Syrien-Konflikt
USA und Türkei wappnen sich gegen Einsatz von Chemiewaffen

US-Außenministerin Clinton und ihr türkischer Kollege Davutoglu bereiten sich auf ein Extremszenario in Syrien vor. Sie fürchten, Assad könnte Chemiewaffen einsetzen. Hunderttausende sind bereits geflohen.
  • 7

Washington/AnkaraDie USA und die Türkei wappnen sich gegen einen möglichen Einsatz von Chemiewaffen in Syrien.

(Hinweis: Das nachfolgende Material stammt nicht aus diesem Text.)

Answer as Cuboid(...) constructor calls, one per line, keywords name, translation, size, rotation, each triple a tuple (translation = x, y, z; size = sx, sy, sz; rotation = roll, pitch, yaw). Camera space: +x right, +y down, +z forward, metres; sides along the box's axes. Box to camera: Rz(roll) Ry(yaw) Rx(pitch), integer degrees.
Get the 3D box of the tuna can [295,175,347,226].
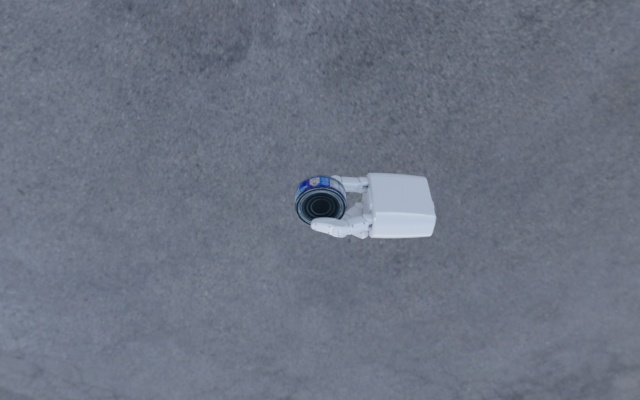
Cuboid(name="tuna can", translation=(0.000, 0.003, 0.780), size=(0.086, 0.086, 0.033), rotation=(0, 38, -2))
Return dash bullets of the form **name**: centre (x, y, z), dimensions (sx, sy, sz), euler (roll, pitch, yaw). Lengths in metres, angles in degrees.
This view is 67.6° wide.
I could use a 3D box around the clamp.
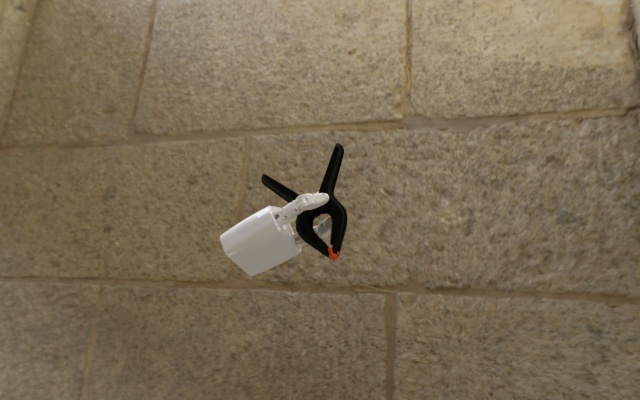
- **clamp**: centre (0.000, 0.003, 0.858), dimensions (0.164, 0.210, 0.036), euler (-29, -23, 6)
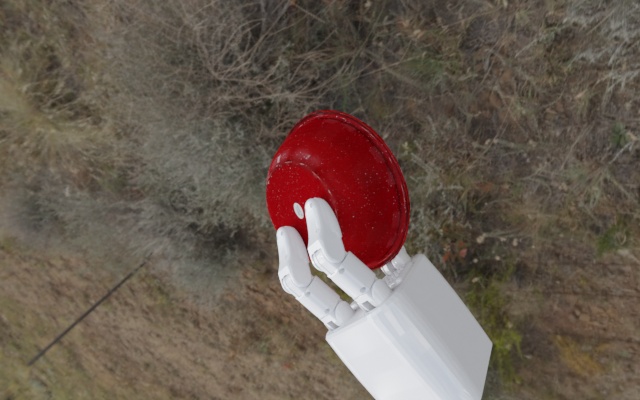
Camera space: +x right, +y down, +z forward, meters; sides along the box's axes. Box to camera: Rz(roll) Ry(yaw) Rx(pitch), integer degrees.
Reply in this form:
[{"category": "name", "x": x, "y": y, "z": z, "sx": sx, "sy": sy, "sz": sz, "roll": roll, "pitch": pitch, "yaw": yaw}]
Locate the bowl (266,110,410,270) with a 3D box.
[{"category": "bowl", "x": -0.001, "y": 0.001, "z": 0.441, "sx": 0.162, "sy": 0.162, "sz": 0.055, "roll": 0, "pitch": 18, "yaw": 46}]
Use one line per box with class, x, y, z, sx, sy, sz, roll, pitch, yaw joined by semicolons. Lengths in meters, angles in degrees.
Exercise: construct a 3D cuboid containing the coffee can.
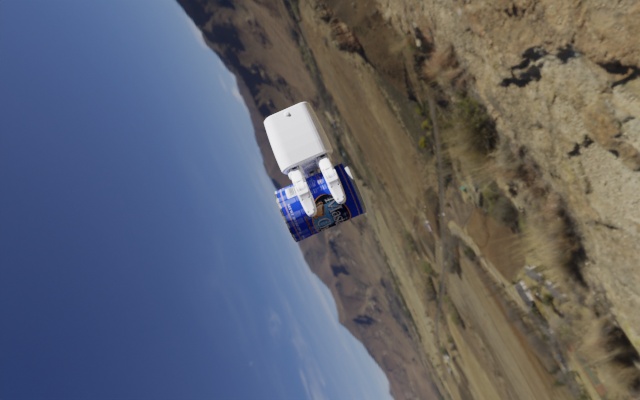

Clinton und ihr türkischer Kollege Ahmet Davutoglu sagten am Samstag nach einem Treffen in Istanbul, beide Länder würden sich auf ein Extremszenario in Syrien vorbereiten. Es sei nicht auszuschließen, dass das Regime von Präsident Baschar Assad Chemiewaffen gegen Aufständische einsetzen werde. Derweil berichteten Aktivisten von einem anhaltend heftigen Bombardement der Wirtschaftsmetropole Aleppo durch Regierungstruppen.

Die USA und die Türkei würden eine Arbeitsgruppe bilden, die für die Koordination auf militärischer, geheimdienstlicher und politischer Ebene verantwortlich sein solle, hieß es am Samstag in Istanbul. Für den Tagesverlauf waren Gespräche Clintons mit dem türkischen Ministerpräsidenten Recep Tayyip Erdogan und Staatschef Abdullah Gül sowie Vertretern der syrischen Opposition geplant. Die Türkei ist dem Regime von Präsident Baschar Assad gegenüber kritisch eingestellt.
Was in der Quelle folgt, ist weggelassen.